00:09:52 So, in a way the second story has never been added on but it’s quite profitable as a party space.

00:09:58 Then 11 years ago the museum contracted with the Government of Bilbao to build this big and a quite large institution in the city

00:10:12 that’s not unlike Pittsburgh, in fact I took a delegation of Pittsburgh people there 10 or 11 years ago at the very beginning to look at how another steel city was dealing with a changing identity.

00:10:25 So, this is Frank Gehry’s great masterpiece sheet in titanium and there you recognize the Jeff Conn’s puppy out front.

00:10:34 In 11 years that museum has been able to attract 12 million visitors. So, it’s a very heavily visited place.

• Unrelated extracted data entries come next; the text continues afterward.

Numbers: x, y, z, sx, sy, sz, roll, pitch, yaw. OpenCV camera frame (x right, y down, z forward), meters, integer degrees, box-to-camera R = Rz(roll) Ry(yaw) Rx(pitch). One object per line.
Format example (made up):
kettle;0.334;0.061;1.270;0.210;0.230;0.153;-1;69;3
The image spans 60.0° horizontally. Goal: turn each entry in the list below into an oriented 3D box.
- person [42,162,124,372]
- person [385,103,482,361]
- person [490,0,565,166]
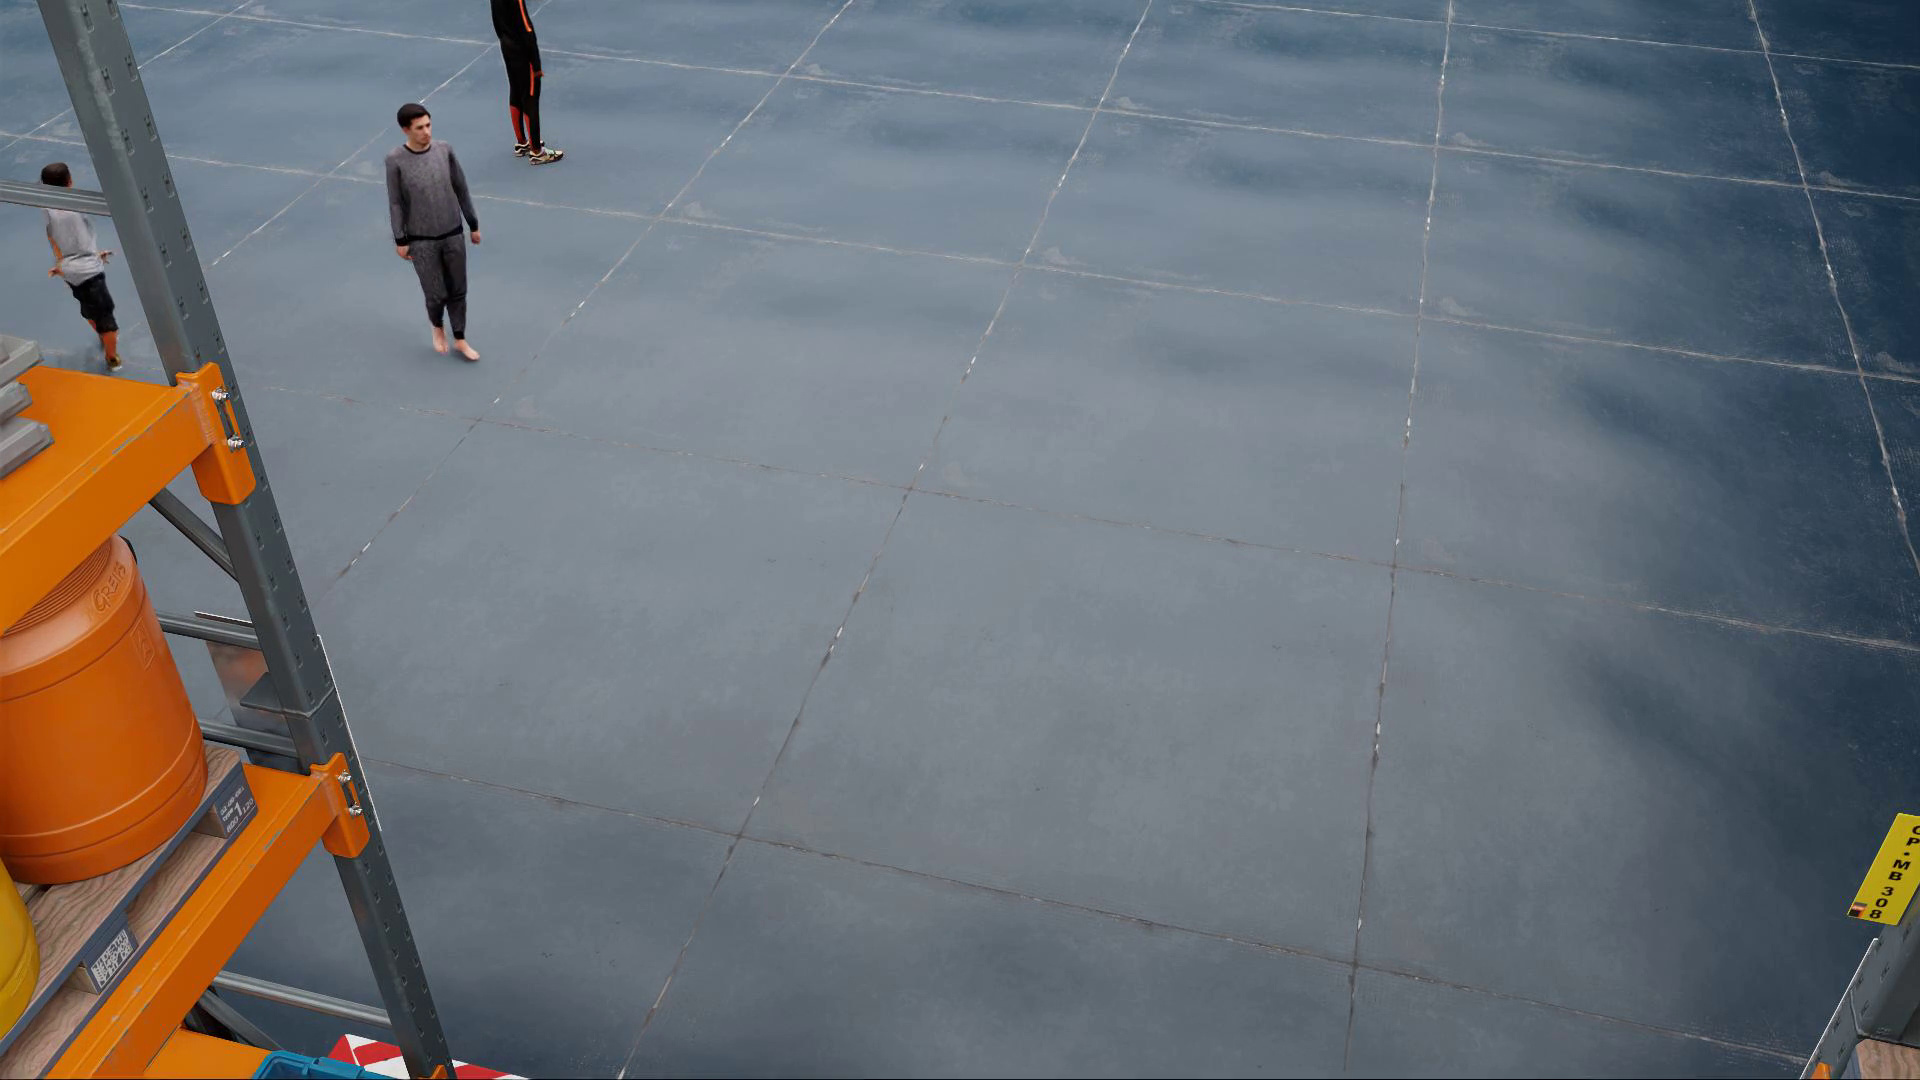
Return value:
person;-5.985;-1.866;11.295;0.864;1.432;0.983;-16;41;-20
person;-3.591;-2.102;11.265;0.791;1.841;0.887;-26;45;-29
person;-3.648;-4.020;13.744;0.723;1.808;0.713;-29;46;-32

00:10:43 This is a metropolitan region about 1.6 million people, so for them to have on average a million visitors a year it’s quite amazing stimulus to

00:10:53 the local economy and I also think it’s changed the psychology of the region which was mildly insular before this. We are now talking about an expansion of this building

00:11:04 35 miles away on the coast which would allow artists to be in residence in a way that may not have been achieved anywhere else because we would be incorporating

00:11:13 slow food, people, ecologists, and artists in a single site maybe a little bit like your are garden...... I made a mistake sorry.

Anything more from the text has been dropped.